1. A method for preparing methanol by photocatalytic oxidation of methane is characterized by comprising the following steps:

adding the Au/ZnO composite photocatalyst into water, stirring, and introducing CH₄And O₂Carrying out photocatalysis CH under the irradiation condition of a full-spectrum light source₄Carrying out oxidation reaction to prepare methanol; the loading capacity of Au in the photocatalyst is more than or equal to 0.3wt％，CH₄The pressure is more than or equal to 15 bar.

2. The method of claim 1, wherein the CH is configured to perform₄The pressure is more than or equal to 25 bar.

3. The method of claim 2, wherein the loading of Au in the photocatalyst is greater than or equal to 0.75 wt%.

4. The method of claim 3, wherein said O is₂The pressure of (2) is 0.5-8 bar.

5. The method according to any one of claims 1 to 4, wherein the oxidation reaction temperature is 20 to 40 ℃ and the reaction time is 1 to 3 hours.

6. The method according to claim 5, wherein the oxidation reaction temperature is 30 + 5 ℃ and the reaction time is 2 + 0.5 h.

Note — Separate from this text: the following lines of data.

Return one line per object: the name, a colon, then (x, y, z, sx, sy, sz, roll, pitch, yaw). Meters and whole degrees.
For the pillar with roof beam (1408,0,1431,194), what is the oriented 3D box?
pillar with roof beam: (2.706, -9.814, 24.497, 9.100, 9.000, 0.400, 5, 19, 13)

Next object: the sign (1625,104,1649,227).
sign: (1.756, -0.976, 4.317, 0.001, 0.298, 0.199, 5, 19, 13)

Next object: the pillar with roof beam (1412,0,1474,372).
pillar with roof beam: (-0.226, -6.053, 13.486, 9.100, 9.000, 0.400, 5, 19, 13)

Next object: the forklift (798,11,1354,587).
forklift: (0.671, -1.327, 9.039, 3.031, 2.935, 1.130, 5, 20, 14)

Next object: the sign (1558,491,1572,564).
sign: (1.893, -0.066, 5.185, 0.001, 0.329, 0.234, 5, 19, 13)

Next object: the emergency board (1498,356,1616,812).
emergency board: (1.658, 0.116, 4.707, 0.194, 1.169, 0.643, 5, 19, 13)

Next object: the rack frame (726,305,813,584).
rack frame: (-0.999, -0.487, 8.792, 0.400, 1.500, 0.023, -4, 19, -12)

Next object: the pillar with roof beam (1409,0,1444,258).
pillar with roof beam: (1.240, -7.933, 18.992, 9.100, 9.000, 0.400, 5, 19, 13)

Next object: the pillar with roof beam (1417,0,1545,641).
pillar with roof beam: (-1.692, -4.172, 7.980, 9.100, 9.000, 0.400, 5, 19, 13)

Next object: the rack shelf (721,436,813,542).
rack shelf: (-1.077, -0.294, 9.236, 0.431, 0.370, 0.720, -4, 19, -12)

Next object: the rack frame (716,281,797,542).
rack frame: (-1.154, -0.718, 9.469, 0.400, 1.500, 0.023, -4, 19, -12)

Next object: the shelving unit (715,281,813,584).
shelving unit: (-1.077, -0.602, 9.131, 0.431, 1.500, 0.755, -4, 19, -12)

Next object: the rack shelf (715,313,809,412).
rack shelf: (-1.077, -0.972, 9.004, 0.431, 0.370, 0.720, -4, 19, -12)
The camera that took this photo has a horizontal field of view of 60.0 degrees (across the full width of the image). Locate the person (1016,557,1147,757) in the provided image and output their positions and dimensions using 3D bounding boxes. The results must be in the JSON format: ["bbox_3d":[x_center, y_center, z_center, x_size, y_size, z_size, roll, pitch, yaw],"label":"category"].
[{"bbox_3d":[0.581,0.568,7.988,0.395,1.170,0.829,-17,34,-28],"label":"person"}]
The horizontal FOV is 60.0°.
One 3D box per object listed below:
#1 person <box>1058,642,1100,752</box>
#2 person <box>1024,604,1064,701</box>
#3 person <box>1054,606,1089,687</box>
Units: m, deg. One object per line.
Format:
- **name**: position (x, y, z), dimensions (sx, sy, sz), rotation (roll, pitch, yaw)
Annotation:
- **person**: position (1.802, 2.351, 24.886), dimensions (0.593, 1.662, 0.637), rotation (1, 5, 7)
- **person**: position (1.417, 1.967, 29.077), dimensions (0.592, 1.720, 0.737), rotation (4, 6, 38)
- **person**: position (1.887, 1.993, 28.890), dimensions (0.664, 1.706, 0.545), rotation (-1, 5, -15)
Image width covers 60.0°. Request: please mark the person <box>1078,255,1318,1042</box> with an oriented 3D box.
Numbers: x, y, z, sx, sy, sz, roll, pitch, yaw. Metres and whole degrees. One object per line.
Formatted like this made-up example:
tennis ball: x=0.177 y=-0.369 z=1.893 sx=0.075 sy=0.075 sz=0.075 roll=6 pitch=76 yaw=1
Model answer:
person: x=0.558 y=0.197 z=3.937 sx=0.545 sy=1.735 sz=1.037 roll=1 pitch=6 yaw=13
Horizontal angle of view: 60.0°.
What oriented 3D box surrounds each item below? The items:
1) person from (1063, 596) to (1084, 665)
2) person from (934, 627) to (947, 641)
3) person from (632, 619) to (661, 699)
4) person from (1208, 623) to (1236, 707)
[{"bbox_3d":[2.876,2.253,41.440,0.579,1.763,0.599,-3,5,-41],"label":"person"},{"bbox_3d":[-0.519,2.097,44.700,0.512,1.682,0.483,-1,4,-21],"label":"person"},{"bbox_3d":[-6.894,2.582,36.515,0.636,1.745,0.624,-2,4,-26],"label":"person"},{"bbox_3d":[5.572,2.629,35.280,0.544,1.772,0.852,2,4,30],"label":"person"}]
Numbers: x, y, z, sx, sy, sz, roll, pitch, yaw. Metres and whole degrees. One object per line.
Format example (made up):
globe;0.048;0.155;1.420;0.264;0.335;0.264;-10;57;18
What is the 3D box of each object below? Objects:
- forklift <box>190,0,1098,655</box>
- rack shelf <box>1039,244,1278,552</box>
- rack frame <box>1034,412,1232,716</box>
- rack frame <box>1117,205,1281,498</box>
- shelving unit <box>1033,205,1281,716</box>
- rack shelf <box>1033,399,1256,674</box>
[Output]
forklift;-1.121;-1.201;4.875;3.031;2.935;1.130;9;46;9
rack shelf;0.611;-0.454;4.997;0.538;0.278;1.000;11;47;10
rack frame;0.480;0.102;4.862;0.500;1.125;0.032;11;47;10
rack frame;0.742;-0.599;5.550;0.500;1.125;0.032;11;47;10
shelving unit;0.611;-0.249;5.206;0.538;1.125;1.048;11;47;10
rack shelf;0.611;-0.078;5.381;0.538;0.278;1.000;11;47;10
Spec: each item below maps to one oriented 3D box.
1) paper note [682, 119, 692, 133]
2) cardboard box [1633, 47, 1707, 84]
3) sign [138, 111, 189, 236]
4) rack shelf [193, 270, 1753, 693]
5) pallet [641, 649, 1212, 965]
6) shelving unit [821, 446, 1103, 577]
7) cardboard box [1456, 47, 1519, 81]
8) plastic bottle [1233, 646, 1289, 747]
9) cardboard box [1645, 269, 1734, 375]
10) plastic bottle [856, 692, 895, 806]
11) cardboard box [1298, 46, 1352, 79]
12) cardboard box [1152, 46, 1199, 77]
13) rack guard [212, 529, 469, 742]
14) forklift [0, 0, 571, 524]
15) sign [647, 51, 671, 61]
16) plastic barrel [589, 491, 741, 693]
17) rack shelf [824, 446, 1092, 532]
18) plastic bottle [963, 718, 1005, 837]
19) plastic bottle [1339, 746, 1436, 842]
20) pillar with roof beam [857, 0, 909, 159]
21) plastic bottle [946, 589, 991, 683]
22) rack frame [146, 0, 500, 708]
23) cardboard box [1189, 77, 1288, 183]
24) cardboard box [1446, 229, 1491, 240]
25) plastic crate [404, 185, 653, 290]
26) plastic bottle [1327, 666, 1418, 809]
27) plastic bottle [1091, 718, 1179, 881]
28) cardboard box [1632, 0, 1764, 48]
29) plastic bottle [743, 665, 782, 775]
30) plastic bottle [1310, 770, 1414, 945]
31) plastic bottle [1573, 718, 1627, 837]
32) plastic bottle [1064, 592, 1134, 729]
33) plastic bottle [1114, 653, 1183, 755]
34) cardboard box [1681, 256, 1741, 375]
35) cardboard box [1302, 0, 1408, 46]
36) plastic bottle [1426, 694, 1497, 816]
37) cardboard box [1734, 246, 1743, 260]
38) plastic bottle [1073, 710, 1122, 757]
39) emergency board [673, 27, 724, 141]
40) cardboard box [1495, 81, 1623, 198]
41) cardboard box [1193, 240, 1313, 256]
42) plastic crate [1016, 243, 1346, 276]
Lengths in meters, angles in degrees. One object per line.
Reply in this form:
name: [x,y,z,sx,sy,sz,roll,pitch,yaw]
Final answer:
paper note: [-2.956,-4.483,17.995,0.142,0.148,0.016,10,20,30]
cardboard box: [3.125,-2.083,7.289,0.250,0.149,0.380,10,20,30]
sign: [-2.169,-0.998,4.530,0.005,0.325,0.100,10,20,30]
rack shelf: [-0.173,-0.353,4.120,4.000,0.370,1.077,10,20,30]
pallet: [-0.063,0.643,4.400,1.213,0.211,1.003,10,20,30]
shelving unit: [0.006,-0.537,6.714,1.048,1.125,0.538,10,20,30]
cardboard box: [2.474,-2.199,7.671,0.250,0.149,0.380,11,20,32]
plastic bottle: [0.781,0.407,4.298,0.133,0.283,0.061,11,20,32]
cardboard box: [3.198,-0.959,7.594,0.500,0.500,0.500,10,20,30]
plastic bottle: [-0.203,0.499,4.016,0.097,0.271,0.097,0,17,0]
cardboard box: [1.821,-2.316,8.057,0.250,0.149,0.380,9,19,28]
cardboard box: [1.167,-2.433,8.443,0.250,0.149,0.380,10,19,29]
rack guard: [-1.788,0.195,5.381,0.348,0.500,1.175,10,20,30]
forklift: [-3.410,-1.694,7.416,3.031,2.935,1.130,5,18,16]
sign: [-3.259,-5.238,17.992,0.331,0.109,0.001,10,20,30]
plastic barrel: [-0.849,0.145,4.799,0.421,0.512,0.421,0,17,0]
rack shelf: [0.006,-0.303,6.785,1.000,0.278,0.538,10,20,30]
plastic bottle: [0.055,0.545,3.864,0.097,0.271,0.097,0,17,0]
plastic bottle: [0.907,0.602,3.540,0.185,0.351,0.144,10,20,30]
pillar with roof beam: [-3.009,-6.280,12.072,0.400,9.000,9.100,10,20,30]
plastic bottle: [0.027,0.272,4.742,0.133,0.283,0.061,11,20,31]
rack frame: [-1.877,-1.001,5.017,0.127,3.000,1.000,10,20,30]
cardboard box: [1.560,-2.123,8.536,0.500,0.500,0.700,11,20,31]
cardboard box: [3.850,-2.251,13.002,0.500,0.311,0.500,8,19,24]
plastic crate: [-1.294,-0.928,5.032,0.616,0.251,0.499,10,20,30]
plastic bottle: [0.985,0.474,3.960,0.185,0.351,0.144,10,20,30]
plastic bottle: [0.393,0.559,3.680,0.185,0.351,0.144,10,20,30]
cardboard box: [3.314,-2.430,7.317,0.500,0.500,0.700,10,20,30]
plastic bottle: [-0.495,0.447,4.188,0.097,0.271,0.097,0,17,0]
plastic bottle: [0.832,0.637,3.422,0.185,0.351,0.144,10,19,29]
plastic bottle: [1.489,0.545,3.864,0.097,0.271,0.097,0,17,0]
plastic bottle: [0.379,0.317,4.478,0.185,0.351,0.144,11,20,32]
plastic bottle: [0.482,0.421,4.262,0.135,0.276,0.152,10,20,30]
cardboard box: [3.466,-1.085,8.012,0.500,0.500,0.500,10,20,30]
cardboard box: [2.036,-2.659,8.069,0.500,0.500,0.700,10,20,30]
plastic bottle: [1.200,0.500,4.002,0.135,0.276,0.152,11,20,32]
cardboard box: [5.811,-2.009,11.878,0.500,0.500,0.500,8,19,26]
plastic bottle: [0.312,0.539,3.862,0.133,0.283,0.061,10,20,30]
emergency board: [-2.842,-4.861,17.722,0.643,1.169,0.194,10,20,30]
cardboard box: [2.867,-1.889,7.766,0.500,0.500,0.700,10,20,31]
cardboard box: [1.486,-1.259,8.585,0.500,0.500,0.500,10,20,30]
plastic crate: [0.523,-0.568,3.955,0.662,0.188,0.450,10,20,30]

7. The method of claim 6, wherein the light source is sunlight or a xenon lamp.

8. The method as claimed in any one of claims 1 to 4, wherein the preparation method of the Au/ZnO composite photocatalyst is as follows:

9. The method according to claim 8, wherein the calcination is carried out at 500 to 600 ℃ for 1 to 2 hours.

10. The process according to claim 8, characterized in that the dispersion time is 0.5h and the stirring time is 6 h.